A partir de então, Mark recorreu (com perdão dos profissionais da área) uma terapeuta sexual, Cheryl (Helen Hunt), não sem antes buscar no padre Brendan (William Macy) o suporte moral, filosófico, teológico, ou qualquer outro nome que se queira dar, para adotar uma decisão que confrontaria o destino incapacitante, quem sabe, por força de uma Vontade Superior.
Com efeito, os ingredientes do filme a serem explorados estavam postos: a deficiência adquirida, o desejo da sexualidade aflorada, o conflito entre o pecado da luxúria e a virtude castidade, as cenas que poderiam cair na vala da banalidade do amor impossível ou no fecundo terreno do generoso afeto.
O padre caminha pelo equilíbrio, iluminado pelo bom senso; o notável desempenho da terapeuta manifesta sua grandeza ao definir o seu papel com firme objetividade, aparentemente fronteiriço ao de uma prostituta e, na última das seis sessões, ela e o paciente chegam ao orgasmo simultâneo, previamente combinado, com cenas que inspiram na plateia o sentimento de respeito ao que tradicionalmente é guardado pelo segredo de quatro paredes. Cheryl, judia convertida, profissional exemplar, chega a amolecer o coração; resiste e segue sua vida ajudando pacientes a atravessar as fronteiras do impossível.

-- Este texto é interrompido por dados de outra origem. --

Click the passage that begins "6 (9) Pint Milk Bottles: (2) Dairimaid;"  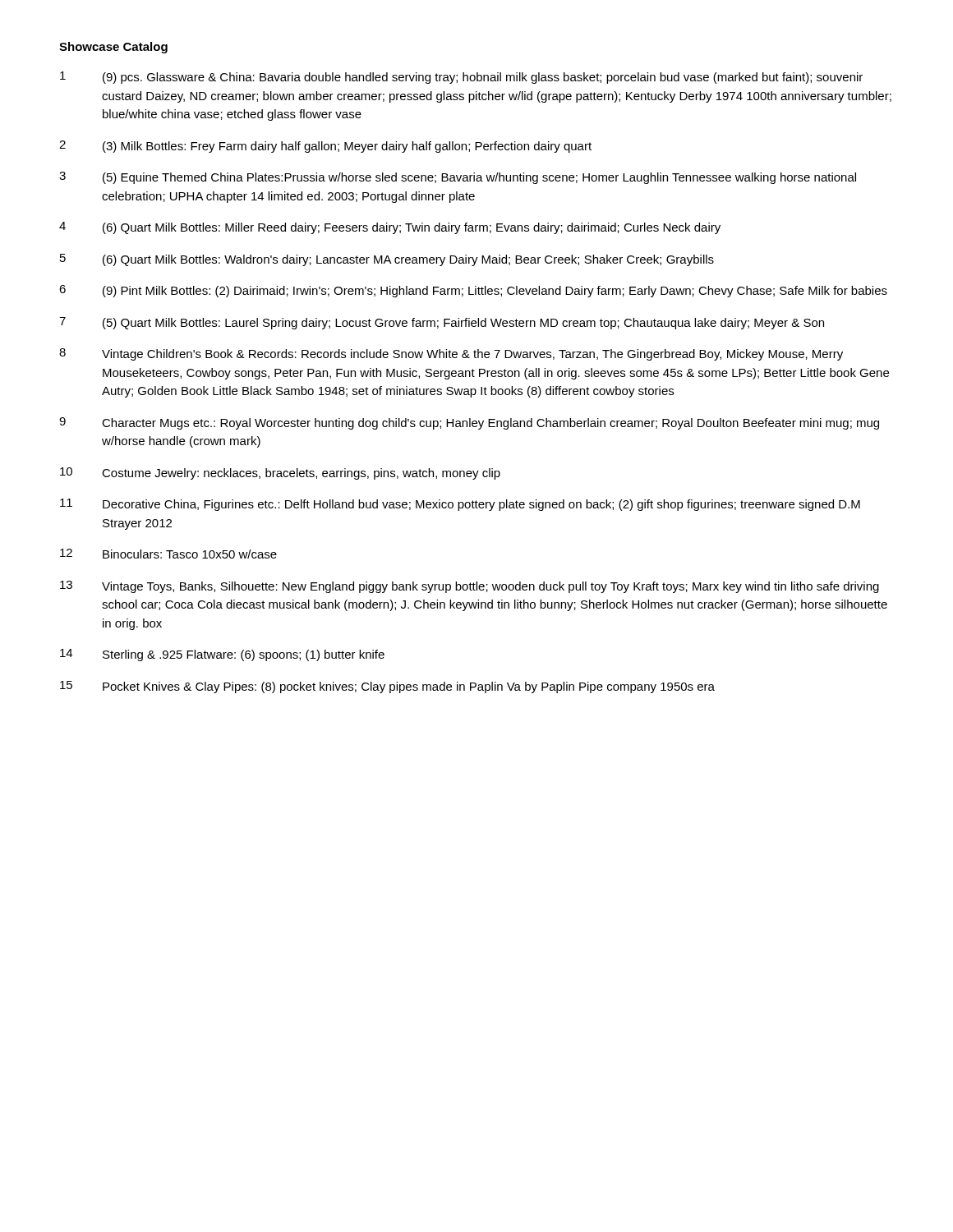tap(476, 291)

Mark fala mais com os olhos do que com a boca. E o olhar diz tudo quando segreda a enfermeira que cuidou dele num grave incidente com o respirador artificial: “não sou virgem”. Uma sutil proposta. Com ela vive até aos quarenta e oito anos. A narrativa do filme é simples, atraente e pedagógica. Como síntese da admirável combinação entre sutileza, delicadeza e leveza dos diálogos merece destaque a frase de Mark O’Brien: “Acredito num Deus com senso de humor. Para mim seria intolerável que não se pudesse clamar por isto”.